After a brief talk with Marcel Bruch, we came up with the idea of
extending the Javadoc Tool [1] with some elements from Code Recommenders
including a social component.
For instance, we'd like to include some of Code Recommenders' statistics
like
* when selecting a package: 'What are the most frequently overwritten
(used) classes in package org.eclipse.xyz*?'
* when selecting a type: Which methods of type X frequently used by clients?

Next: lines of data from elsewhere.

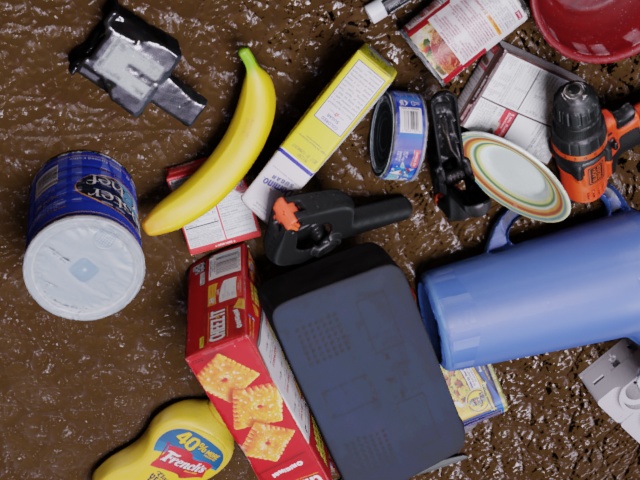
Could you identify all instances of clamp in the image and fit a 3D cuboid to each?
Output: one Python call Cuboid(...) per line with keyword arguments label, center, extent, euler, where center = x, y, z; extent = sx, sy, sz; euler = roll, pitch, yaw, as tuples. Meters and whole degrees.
Cuboid(label="clamp", center=(-0.007, 0.001, 1.020), extent=(0.165, 0.036, 0.209), euler=(-40, 161, 15))
Cuboid(label="clamp", center=(0.130, -0.055, 1.014), extent=(0.039, 0.120, 0.171), euler=(-12, 159, 3))

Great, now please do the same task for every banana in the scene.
Cuboid(label="banana", center=(-0.092, -0.081, 0.982), extent=(0.069, 0.037, 0.198), euler=(24, 104, -25))

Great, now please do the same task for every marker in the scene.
Cuboid(label="marker", center=(0.097, -0.237, 0.979), extent=(0.121, 0.020, 0.020), euler=(-30, 121, 5))

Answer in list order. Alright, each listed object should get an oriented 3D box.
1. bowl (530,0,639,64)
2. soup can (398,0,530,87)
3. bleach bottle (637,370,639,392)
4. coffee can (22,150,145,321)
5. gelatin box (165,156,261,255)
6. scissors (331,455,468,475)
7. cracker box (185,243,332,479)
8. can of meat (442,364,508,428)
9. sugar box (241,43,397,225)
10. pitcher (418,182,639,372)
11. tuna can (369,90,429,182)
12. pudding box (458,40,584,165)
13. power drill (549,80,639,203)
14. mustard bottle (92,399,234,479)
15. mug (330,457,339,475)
Cuboid(label="bowl", center=(0.261, -0.248, 0.988), extent=(0.162, 0.055, 0.162), euler=(-5, 120, -10))
Cuboid(label="soup can", center=(0.132, -0.199, 0.980), extent=(0.102, 0.068, 0.068), euler=(-38, 120, 9))
Cuboid(label="bleach bottle", center=(0.403, 0.128, 1.142), extent=(0.250, 0.068, 0.102), euler=(-3, 109, -52))
Cuboid(label="coffee can", center=(-0.214, -0.007, 0.967), extent=(0.102, 0.140, 0.103), euler=(-5, 120, -10))
Cuboid(label="gelatin box", center=(-0.104, -0.037, 1.039), extent=(0.073, 0.030, 0.089), euler=(-16, 117, -4))
Cuboid(label="scissors", center=(0.069, 0.272, 1.258), extent=(0.202, 0.016, 0.096), euler=(-28, 121, 3))
Cuboid(label="cracker box", center=(-0.061, 0.136, 1.066), extent=(0.072, 0.164, 0.213), euler=(-21, 121, 7))
Cuboid(label="can of meat", center=(0.148, 0.157, 1.170), extent=(0.084, 0.057, 0.102), euler=(-21, 84, -3))
Cuboid(label="sugar box", center=(-0.001, -0.099, 0.988), extent=(0.048, 0.093, 0.176), euler=(41, 105, -4))
Cuboid(label="pitcher", center=(0.228, 0.047, 1.110), extent=(0.242, 0.149, 0.145), euler=(-14, 134, -4))
Cuboid(label="tuna can", center=(0.073, -0.099, 1.012), extent=(0.033, 0.086, 0.086), euler=(3, 118, -13))
Cuboid(label="pudding box", center=(0.198, -0.135, 1.047), extent=(0.113, 0.039, 0.090), euler=(19, 114, -24))
Cuboid(label="power drill", center=(0.303, -0.131, 1.020), extent=(0.187, 0.057, 0.184), euler=(-32, 151, -1))
Cuboid(label="mustard bottle", center=(-0.151, 0.229, 1.161), extent=(0.192, 0.058, 0.096), euler=(-43, 116, 12))
Cuboid(label="mug", center=(0.076, 0.224, 1.199), extent=(0.117, 0.093, 0.081), euler=(-2, 119, -46))
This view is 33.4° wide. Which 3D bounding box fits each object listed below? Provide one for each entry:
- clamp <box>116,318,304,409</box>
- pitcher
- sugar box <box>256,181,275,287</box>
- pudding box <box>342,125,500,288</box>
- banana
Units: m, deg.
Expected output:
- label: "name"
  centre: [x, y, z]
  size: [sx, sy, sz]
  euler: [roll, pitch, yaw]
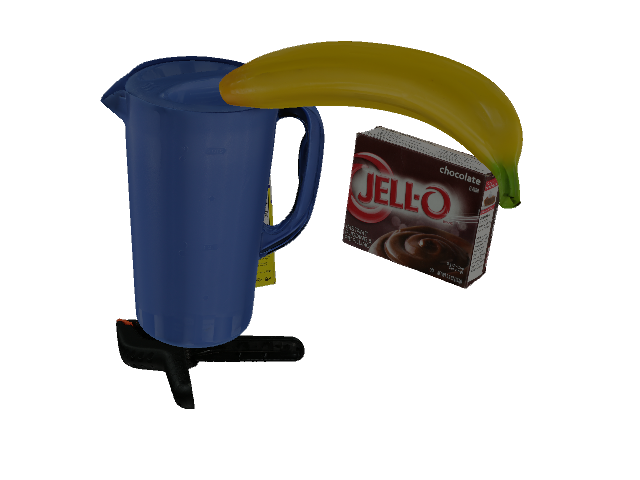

* when selecting a method: which methods are frequently called together
with m()?
* when selecting a type: A field of this type has been frequently
annotated with @Inject or @Named (as of interest for e4 developers for
instance)
and similar documentations.
For the generation part, I plan to extend the Javadoc Tool framework by
one or more 'Doclets' (see [1]) that allow different extdoc providers
(based on the extdoc providers of Code Recommenders) to contribute
directly to the generated HTML output via the Javadoc api.
In contrast to the normal way how the javadoc command is used, I'd like
to develop a little helper utility that fetches and unzips the sources
directly from a maven repository, runs the normal javadoc tool and adds
the recommenders documentation to the standard javadoc output, and
finally uploads the updated javadocs to the repository or deploys them
on a website.
In addition (when there is still some time :-) ), I'd like to enable
users to directly edit, comment or rate on API documentation and new
code snippets, which are provided by the Snipmatch subproject of Code
Recommenders. Alternatively, these code snippets could also be posted
directly by developers through the webinterface or even via a REST API
(so you could implement an additional IDE plugin for this afterwards).
The code snippets shall be grouped by java classes and/or packages,
which then can be tagged, commented and rated by other developers. Top
rated code snippets ('favorites') will appear at the top of the list,
similar to stackoverflow.com.
For this, an additional backend (a RESTful api) will be needed, which
stores and organizes the code snippets, including tags and comments by
users.
The snippets shall be inserted dynamically in the (so far static
generated) Javadoc website. For the server-side part I'm thinking of
using OData [2] protocol backed up by a sql database like mysql.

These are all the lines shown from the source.